The breakaway Ukrainian territories at center of Russia’s focus
Breakaway territories in eastern Ukraine are emerging as ground zero in what is expected to be a larger conflict with Russia, triggering sanctions and raising fears that efforts at diplomacy have failed to avoid a large-scale invasion.
Russian President Vladimir Putin’s recognition of two regions in Ukraine as independent — the so-called Donetsk People’s Republic and Luhansk People’s Republic — has drawn global condemnation, with the U.S. and several European countries agreeing to move quickly to respond with economic and financial penalties.
President Biden on Monday imposed sanctions blocking any financial transactions with entities and people in the two separatist regions, while Germany on Tuesday said it would move to halt the Nord Stream 2 pipeline that was set to bring natural gas from Russia to Germany. Other sanctions are also expected to be announced by Western leaders.

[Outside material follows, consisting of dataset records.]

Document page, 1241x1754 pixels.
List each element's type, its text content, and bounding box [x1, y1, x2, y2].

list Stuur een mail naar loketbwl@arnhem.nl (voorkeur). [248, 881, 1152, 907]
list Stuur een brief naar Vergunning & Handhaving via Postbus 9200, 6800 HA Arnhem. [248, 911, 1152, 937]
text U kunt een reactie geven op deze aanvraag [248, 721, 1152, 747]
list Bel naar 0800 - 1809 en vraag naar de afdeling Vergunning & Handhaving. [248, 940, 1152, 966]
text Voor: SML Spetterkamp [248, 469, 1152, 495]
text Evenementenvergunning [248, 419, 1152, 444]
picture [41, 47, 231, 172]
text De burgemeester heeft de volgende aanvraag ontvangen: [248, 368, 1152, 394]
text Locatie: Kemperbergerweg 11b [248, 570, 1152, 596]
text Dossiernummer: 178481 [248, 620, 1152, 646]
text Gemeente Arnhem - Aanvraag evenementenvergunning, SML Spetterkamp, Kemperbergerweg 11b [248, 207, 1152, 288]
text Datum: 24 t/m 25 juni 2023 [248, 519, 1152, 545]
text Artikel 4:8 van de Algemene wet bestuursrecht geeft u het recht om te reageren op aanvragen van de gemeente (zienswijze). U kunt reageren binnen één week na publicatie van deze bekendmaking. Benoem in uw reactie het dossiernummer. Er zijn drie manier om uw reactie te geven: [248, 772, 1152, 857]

The Donetsk and Luhansk territories are located in southeastern Ukraine, in a region called the Donbas and that borders Russia. Russia took advantage of unrest in the territories in 2014 to support pro-Russian separatists amid a popular revolution in Ukraine that ousted the pro-Russian government in Kyiv and pushed for a more transparent, democratic legislature that aligned with the West.

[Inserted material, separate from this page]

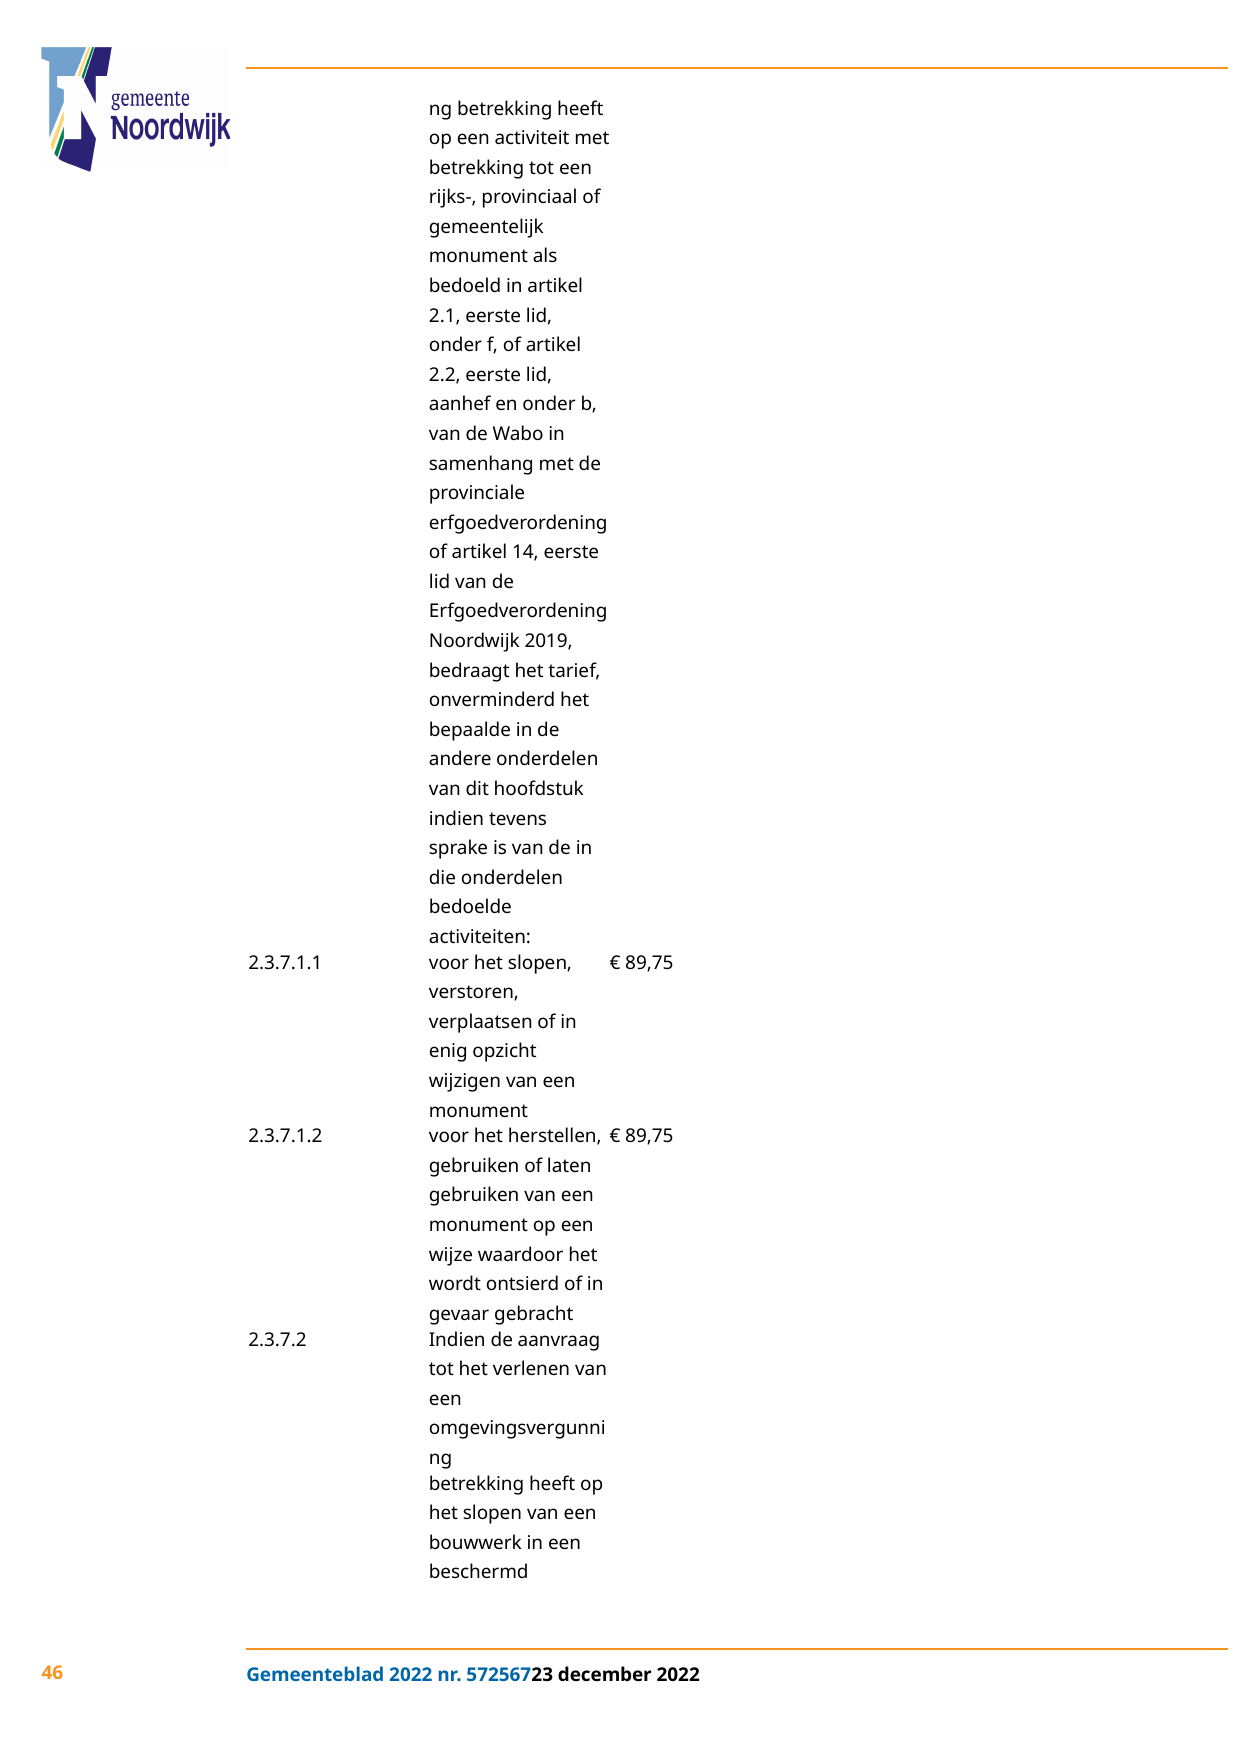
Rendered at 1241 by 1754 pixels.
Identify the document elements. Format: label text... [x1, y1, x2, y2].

The Donbas region has a population of more than 3.6 million that is largely Russian-speaking, with coal mining and steel production its largest industries.
Putin has condemned the 2014 revolution as a “coup” and sought to portray Russian support for separatists in the Donbas as protecting historically ethnic Russians, similar to his justification that same year for invading and occupying Ukraine’s Crimean peninsula.

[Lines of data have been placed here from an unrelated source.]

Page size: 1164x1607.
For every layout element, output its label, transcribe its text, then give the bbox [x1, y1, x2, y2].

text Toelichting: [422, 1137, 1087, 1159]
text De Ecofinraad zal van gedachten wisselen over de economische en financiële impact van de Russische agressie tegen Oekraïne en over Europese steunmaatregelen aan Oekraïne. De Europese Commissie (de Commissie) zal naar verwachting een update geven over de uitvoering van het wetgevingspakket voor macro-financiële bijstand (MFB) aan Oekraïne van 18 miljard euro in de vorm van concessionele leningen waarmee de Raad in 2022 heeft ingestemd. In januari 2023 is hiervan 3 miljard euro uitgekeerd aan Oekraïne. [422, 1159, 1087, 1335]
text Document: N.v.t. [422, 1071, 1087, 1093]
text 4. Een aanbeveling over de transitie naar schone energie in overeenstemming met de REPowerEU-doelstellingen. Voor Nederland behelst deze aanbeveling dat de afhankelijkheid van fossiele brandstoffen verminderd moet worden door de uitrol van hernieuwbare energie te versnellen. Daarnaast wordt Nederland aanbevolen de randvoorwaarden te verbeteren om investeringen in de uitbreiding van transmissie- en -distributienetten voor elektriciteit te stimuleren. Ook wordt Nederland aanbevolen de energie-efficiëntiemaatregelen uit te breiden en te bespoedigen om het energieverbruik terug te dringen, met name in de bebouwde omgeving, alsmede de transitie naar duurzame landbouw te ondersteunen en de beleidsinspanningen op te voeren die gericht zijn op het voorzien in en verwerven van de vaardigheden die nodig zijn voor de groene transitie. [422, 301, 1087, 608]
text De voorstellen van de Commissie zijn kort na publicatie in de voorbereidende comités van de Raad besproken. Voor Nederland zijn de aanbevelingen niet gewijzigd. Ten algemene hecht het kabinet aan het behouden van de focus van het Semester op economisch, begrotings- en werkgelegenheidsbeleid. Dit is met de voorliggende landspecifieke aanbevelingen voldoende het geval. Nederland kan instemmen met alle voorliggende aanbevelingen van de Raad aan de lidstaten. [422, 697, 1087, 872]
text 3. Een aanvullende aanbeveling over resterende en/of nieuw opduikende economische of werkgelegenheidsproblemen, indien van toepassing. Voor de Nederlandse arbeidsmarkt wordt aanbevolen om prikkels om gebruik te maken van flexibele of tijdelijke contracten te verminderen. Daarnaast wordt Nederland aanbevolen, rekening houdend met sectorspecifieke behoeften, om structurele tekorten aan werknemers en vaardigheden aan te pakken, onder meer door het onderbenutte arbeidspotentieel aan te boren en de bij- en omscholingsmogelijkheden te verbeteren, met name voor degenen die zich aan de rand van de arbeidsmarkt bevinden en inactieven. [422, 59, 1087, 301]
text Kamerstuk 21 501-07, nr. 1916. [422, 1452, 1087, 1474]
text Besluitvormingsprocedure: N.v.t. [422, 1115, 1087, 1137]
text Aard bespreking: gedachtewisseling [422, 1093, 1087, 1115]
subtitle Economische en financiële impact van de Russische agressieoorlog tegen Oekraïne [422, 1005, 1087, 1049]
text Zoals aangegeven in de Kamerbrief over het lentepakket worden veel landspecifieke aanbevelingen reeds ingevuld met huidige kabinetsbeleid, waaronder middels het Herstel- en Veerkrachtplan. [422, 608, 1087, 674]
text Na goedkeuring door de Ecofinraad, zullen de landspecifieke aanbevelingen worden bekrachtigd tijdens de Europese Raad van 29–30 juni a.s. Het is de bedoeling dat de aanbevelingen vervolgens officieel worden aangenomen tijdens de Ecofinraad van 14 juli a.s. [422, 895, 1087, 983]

“I would like to underscore that Ukraine is not just a neighboring country to us, it is an inherent part of our own history, culture, spiritual space,” Putin said in translated remarks on Monday, part of a rambling speech where he announced his recognition of Donetsk and Luhansk.
“They are our comrades, relatives — not only colleagues, friends, but also our family, people we have blood and family ties with.”
The Donbas has been split along a frontline battlefield since 2014, called “the point of contact,” with Ukrainian forces facing off against pro-Russian separatist militias that are largely supported militarily and financially by the Kremlin. Moscow has reportedly provided an estimated 800,000 Russian passports to Ukrainian citizens in the region.
Russia has also provided its own troops on the ground, although Moscow denies this. At least 15,000 have been killed in the fighting over the past eight years.
Diplomatic efforts to establish cease-fires occurred in 2014 and 2015, known as the Minsk agreements, and were endorsed by the Ukrainian government, the separatist leaders, Russia, France, Germany and regional security organizations such as the Organization for Security and Cooperation in Europe.
The Minsk agreements took into account self-governing aspirations of the Donetsk and Luhansk regions but maintained them as part of Ukraine.
“We are not trying to take any territory of foreign countries. I would like to confirm that Donbas [Donetsk] and Lugansk [Luhansk] is a part of Ukraine,” Russian Ambassador to the U.S. Anatoly Antonov told CBS’s “Face the Nation” on Sunday.
The U.S., Ukraine and its allies and partners have criticized Russia as failing to engage seriously with the Minsk agreements and condemned Putin’s recognition on Monday of Donetsk and Luhansk as an overt rejection of diplomacy that served to avoid open conflict.
Putin on Monday night ordered Russian troops into the region — under what the Kremlin described as a “peacekeeping” mission — raising fears from the West that Moscow was firing the opening salvo of an overt military campaign into Ukraine, one that would put the capital Kyiv under threat.
“There have been Russian troops in the Donbas for eight years now,” a senior Biden administration official told reporters in a briefing Monday night. “Russia has denied this. Now Russia looks like it’s going to be operating openly in that region, and we are going to be responding accordingly.”